L e procès d’Elhadj Nouhou Diallo, poursuivi pour viol sur mineure, grossesse subséquente et incitation à l’avortement, s’est poursuivi ce jeudi 23 juillet 2026 devant le tribunal de première instance de Dixinn, à Conakry
L’affaire, qui implique également deux coaccusés (Raphaël Fangamou, détenu à la maison centrale, et Néma Doré, actuellement en fuite) a donné lieu à de nouvelles auditions à la barre, marquées par les dénégations du principal prévenu.
Âgé de 55 ans, fondateur d’un établissement scolaire à Wanindara, dans la commune de Lambanyi, Elhadj Nouhou Diallo comparaît libre.
À l’audience criminelle, il a rejeté l’ensemble des faits mis à sa charge, dénonçant des « accusations infondées ». Selon lui, aucun élément ne permet d’établir sa responsabilité dans les faits allégués.
Face au tribunal, le prévenu a reconnu avoir effectué plusieurs versements d’argent à la famille de la victime, tout en niant tout lien avec les faits poursuivis. Il affirme que ces paiements, notamment deux transferts de 200 000 francs guinéens et une somme de 6 millions de francs guinéens, relevaient d’un geste « purement humanitaire », destiné à contribuer aux soins médicaux de la jeune fille, présentée comme étant en situation critique au moment des faits.
Dans sa version des faits, Elhadj Nouhou Diallo soutient qu’il se trouvait en Arabie saoudite pour la Oumra lorsqu’il a été informé de l’état de santé préoccupant de la mineure.
À son retour, il dit avoir rendu visite à cette dernière en compagnie de son épouse dans un centre hospitalier de Conakry, où il aurait renouvelé son soutien financier à la famille.
Il explique par ailleurs avoir versé la somme de 6 millions de francs guinéens à la suite d’une sollicitation des services de sécurité, dans l’optique, selon lui, de « sauver une vie », sur conseil de son avocat.
Le prévenu a également contesté tout lien avec les lieux et circonstances évoqués dans le dossier. Il affirme ne jamais s’être rendu dans le motel où les faits présumés de viol se seraient produits, ni connaître les coaccusés.
Selon ses déclarations, ce n’est qu’au cours de l’enquête, notamment à l’Office de protection du genre, de l’enfance et des mœurs (OPROGEM), qu’il aurait été mis en présence de Raphaël Fangamou pour la première fois.

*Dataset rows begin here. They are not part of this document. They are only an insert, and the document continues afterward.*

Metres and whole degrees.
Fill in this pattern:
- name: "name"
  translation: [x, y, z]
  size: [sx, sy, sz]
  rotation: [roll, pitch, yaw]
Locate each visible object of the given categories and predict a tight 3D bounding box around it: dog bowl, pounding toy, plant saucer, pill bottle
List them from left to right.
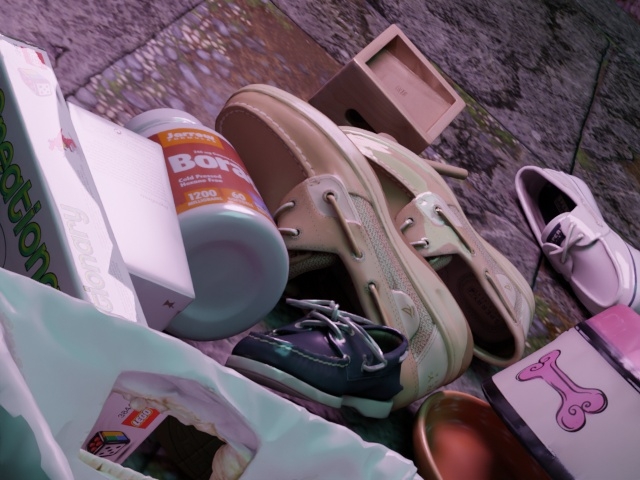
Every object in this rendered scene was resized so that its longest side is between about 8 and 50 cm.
- name: "pill bottle"
  translation: [-0.109, -0.022, 1.288]
  size: [0.121, 0.121, 0.216]
  rotation: [27, 18, -31]
- name: "pounding toy"
  translation: [0.076, -0.116, 1.750]
  size: [0.181, 0.094, 0.206]
  rotation: [48, 35, -3]
- name: "plant saucer"
  translation: [0.154, 0.224, 1.414]
  size: [0.200, 0.037, 0.200]
  rotation: [34, 27, -20]
- name: "dog bowl"
  translation: [0.338, 0.222, 1.398]
  size: [0.408, 0.150, 0.408]
  rotation: [43, 5, -5]

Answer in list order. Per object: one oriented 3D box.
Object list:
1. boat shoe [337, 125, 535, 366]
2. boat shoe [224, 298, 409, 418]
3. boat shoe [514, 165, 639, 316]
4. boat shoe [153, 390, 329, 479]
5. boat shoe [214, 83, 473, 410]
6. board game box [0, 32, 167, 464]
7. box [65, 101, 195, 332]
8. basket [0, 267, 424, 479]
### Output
- name: "boat shoe"
  translation: [0.098, 0.008, 1.579]
  size: [0.302, 0.109, 0.098]
  rotation: [45, 24, -11]
- name: "boat shoe"
  translation: [0.008, 0.089, 1.239]
  size: [0.095, 0.079, 0.254]
  rotation: [23, 0, 29]
- name: "boat shoe"
  translation: [0.309, -0.001, 1.899]
  size: [0.088, 0.096, 0.267]
  rotation: [20, 33, -32]
- name: "boat shoe"
  translation: [-0.041, 0.154, 1.202]
  size: [0.223, 0.080, 0.073]
  rotation: [33, 22, -30]
- name: "boat shoe"
  translation: [0.000, 0.000, 1.429]
  size: [0.110, 0.121, 0.341]
  rotation: [-24, 69, -40]
- name: "board game box"
  translation: [-0.207, 0.038, 1.000]
  size: [0.053, 0.193, 0.305]
  rotation: [17, 36, -43]
- name: "box"
  translation: [-0.177, 0.008, 1.157]
  size: [0.091, 0.130, 0.170]
  rotation: [25, 31, -35]
- name: "basket"
  translation: [-0.072, 0.219, 0.728]
  size: [0.328, 0.266, 0.331]
  rotation: [28, 5, -29]

Sur les relations avec la victime, Elhadj Nouhou Diallo a indiqué que celle-ci fréquentait son établissement scolaire et entretenait une relation d’amitié avec l’une de ses filles, sans qu’il n’y ait eu d’interaction particulière au-delà de ce cadre. Il a par ailleurs évoqué un épisode au cours duquel il aurait simplement raccompagné la jeune fille en voiture, en présence de ses propres enfants.
Concernant l’état de santé de la mineure, le prévenu avance une autre hypothèse, évoquant des violences familiales à l’origine de son hospitalisation, et non une grossesse ou un avortement. Une version qui reste à confronter aux éléments du dossier médical et aux témoignages versés à la procédure.
Au cours de l’audience, la défense de Raphaël Fangamou a sollicité la mise en liberté provisoire de son client, en cas de renvoi de l’affaire. Le ministère public, représenté par le procureur Fanka Oularé, ne s’est pas opposé à cette demande, sous réserve du paiement d’une caution fixée à 300 millions de francs guinéens.
Après délibération, le président du tribunal, Mohamed Sangaré, a rejeté la demande de mise en liberté provisoire et ordonné le renvoi de l’affaire au 30 juillet 2026 pour la suite des débats.
Ce dossier, qui met en cause des faits graves impliquant une mineure, continue de susciter l’attention, dans un contexte où les juridictions guinéennes sont régulièrement appelées à se prononcer sur des affaires de violences sexuelles et d’atteintes à l’intégrité physique.
La suite des audiences devrait permettre d’éclairer davantage les responsabilités de chacun à la lumière des éléments de preuve et des témoignages attendus.